▶ _Work item_: Output the first line of the listing and each line after it, up to and including the line that contains "bool actual_state_is_pressed = digitalRead(pin)", exactly as written, minus the pictures.
▶
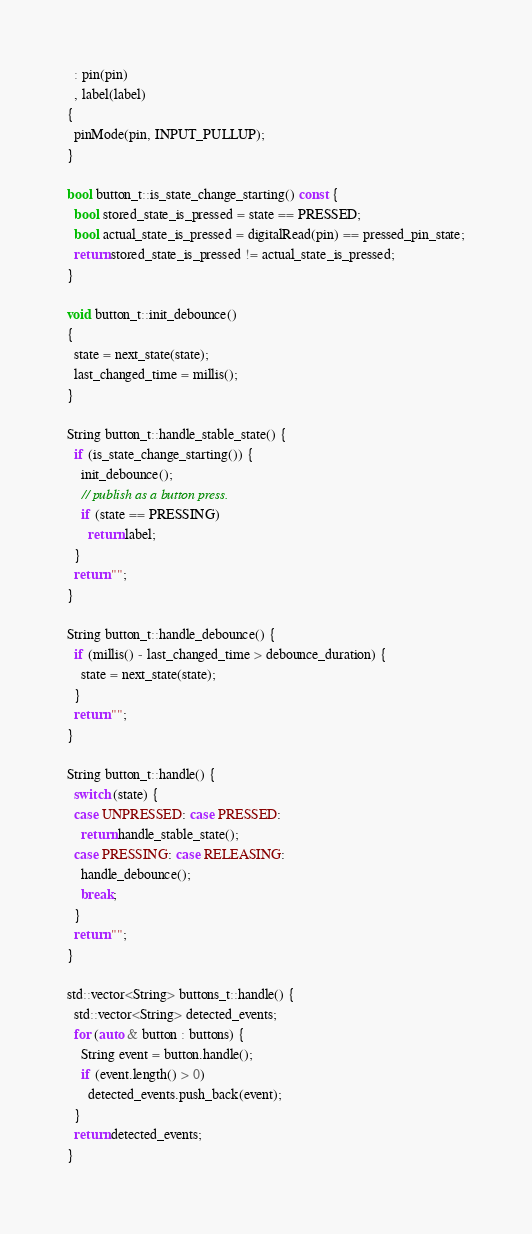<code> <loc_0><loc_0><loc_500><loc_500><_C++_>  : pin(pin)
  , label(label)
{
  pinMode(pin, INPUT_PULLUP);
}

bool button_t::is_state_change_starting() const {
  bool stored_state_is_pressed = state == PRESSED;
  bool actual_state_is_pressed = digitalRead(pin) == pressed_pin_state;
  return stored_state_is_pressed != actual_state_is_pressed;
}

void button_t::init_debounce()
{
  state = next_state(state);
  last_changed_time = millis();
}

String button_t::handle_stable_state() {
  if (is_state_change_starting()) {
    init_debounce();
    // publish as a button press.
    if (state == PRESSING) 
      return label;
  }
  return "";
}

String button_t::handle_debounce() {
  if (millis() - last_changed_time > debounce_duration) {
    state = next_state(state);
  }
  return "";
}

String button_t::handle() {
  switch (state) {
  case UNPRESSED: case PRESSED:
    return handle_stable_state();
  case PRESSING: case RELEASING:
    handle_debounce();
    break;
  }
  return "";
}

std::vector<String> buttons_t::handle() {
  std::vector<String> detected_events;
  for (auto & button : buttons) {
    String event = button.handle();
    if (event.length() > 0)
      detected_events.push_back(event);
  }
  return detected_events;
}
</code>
◀
▶ _Written response_:
<code> <loc_0><loc_0><loc_500><loc_500><_C++_>  : pin(pin)
  , label(label)
{
  pinMode(pin, INPUT_PULLUP);
}

bool button_t::is_state_change_starting() const {
  bool stored_state_is_pressed = state == PRESSED;
  bool actual_state_is_pressed = digitalRead(pin) == pressed_pin_state;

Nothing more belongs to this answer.